I think it is safe to say that most, if not all of us feel down at times. What do you do when you feel like this? I have to be honest, there have been many times when I have felt despair. This despair is something that has made me feel alone. I have been afraid to share my true feelings, even with those closest to me.

Some of this has been brought about by my feelings of inferiority, which I have touched upon in previous posts. I often feel as if I am not good enough for anything or anyone. These feelings often lead me to doubt myself in almost every facet of life. Many days I go to work worrying that I am going to “screw up” or forget to do something.  I believe one of the things that has fueled these feelings of insecurity is that others have often “talked down” to me as if I am too stupid to communicate just like anyone other person.  My legs don’t work correctly, but my brain functions pretty well.  Just don’t ask me to do math! 

This doubt can be paralyzing. Fortunately, I have reached out to others who have helped me begin to see myself in a more positive light.  Counseling has shown me that I do have things I can contribute to society.  It has been a positive experience sharing my doubts and insecurities in a therapeutic setting.   

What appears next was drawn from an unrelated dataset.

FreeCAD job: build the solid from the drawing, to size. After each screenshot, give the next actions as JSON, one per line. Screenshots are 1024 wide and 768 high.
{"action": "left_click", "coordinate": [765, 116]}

Writing this blog has also been a cathartic experience, as it has helped me unleash some of the “demons” that rule my thoughts.  Likewise, the power of prayer has also been very instrumental in helping me get over some of these irrational fears.  I must be honest there have been many times that I have lashed out at God for “placing” me in this body.  

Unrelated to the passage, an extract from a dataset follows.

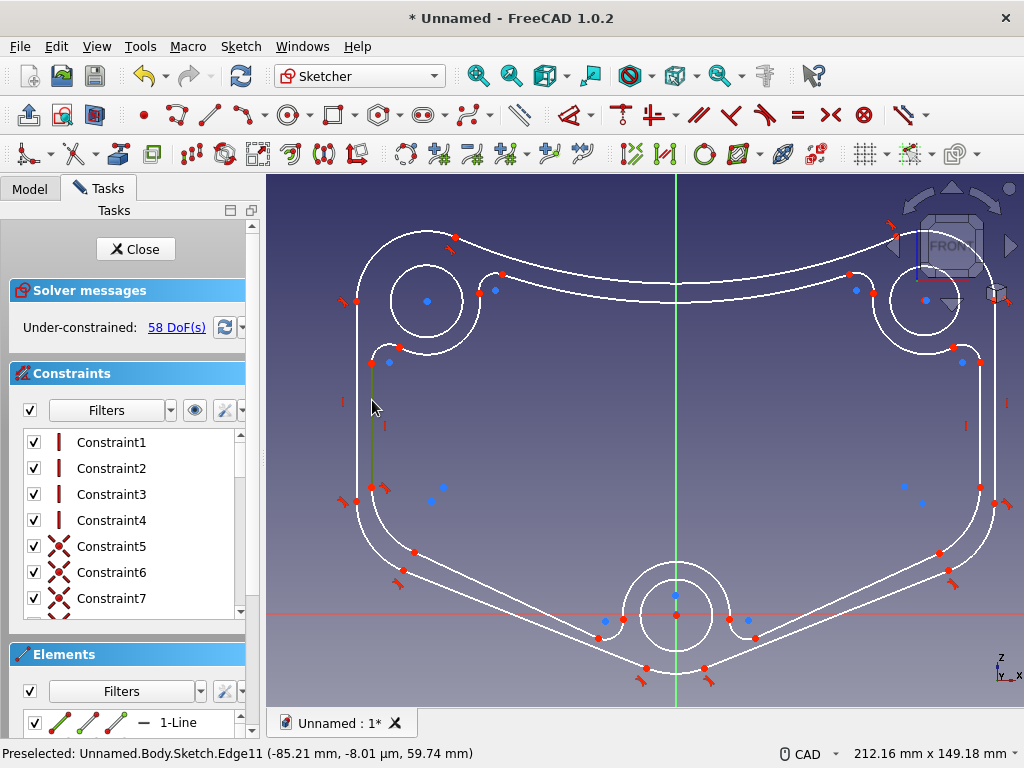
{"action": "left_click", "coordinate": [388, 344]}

Humor is always good medicine as well.  I have learned over the years that you have to laugh at the circumstances of life.  This helps one move past the bad and appreciate the good things that life has to offer.  I wish I could go back and tell my younger self to shut out the negative thoughts and focus only on the good.  That is a lesson that I am just now learning as a 42 year old man.   

Finally, it is important to keep active.  Now that the weather here in Illinois is getting warmer, I will be outside cycling away my blues.